» **What is expected**: A faithful copy is needed of the lines below from the one with "This view is 31.3° wide." up to and including the one with "Every object in"; set it down with no pictures and no other lines.
================
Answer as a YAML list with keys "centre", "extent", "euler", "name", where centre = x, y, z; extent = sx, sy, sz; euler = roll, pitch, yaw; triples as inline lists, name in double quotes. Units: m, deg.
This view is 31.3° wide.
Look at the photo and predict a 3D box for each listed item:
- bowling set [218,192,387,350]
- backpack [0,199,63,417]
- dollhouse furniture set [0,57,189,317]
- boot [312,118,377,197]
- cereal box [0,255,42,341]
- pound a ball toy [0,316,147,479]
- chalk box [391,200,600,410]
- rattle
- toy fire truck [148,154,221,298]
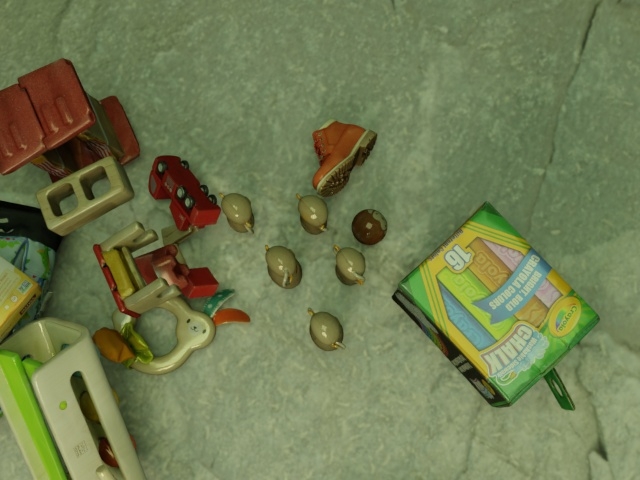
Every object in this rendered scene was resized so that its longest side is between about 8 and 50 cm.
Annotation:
- centre: [0.000, 0.000, 1.645]
  extent: [0.200, 0.154, 0.287]
  euler: [-39, 82, -5]
  name: "bowling set"
- centre: [-0.536, 0.112, 1.608]
  extent: [0.290, 0.273, 0.355]
  euler: [13, 93, -4]
  name: "backpack"
- centre: [-0.321, -0.049, 1.610]
  extent: [0.152, 0.201, 0.374]
  euler: [-27, 75, 6]
  name: "dollhouse furniture set"
- centre: [0.014, -0.125, 1.692]
  extent: [0.085, 0.059, 0.158]
  euler: [28, 44, 10]
  name: "boot"
- centre: [-0.512, 0.059, 1.489]
  extent: [0.240, 0.047, 0.173]
  euler: [34, 72, 6]
  name: "cereal box"
- centre: [-0.296, 0.271, 1.542]
  extent: [0.136, 0.208, 0.319]
  euler: [-39, 124, -38]
  name: "pound a ball toy"
- centre: [0.264, 0.118, 1.610]
  extent: [0.179, 0.180, 0.289]
  euler: [-43, 84, -5]
  name: "chalk box"
- centre: [-0.212, 0.115, 1.642]
  extent: [0.200, 0.142, 0.130]
  euler: [-9, 62, 6]
  name: "rattle"
- centre: [-0.203, -0.022, 1.687]
  extent: [0.192, 0.047, 0.135]
  euler: [49, 128, 35]
  name: "toy fire truck"
================
» **Finished exercise**:
This view is 31.3° wide.
Look at the photo and predict a 3D box for each listed item:
- bowling set [218,192,387,350]
- backpack [0,199,63,417]
- dollhouse furniture set [0,57,189,317]
- boot [312,118,377,197]
- cereal box [0,255,42,341]
- pound a ball toy [0,316,147,479]
- chalk box [391,200,600,410]
- rattle
- toy fire truck [148,154,221,298]
Every object in this rendered scene was resized so that its longest side is between about 8 and 50 cm.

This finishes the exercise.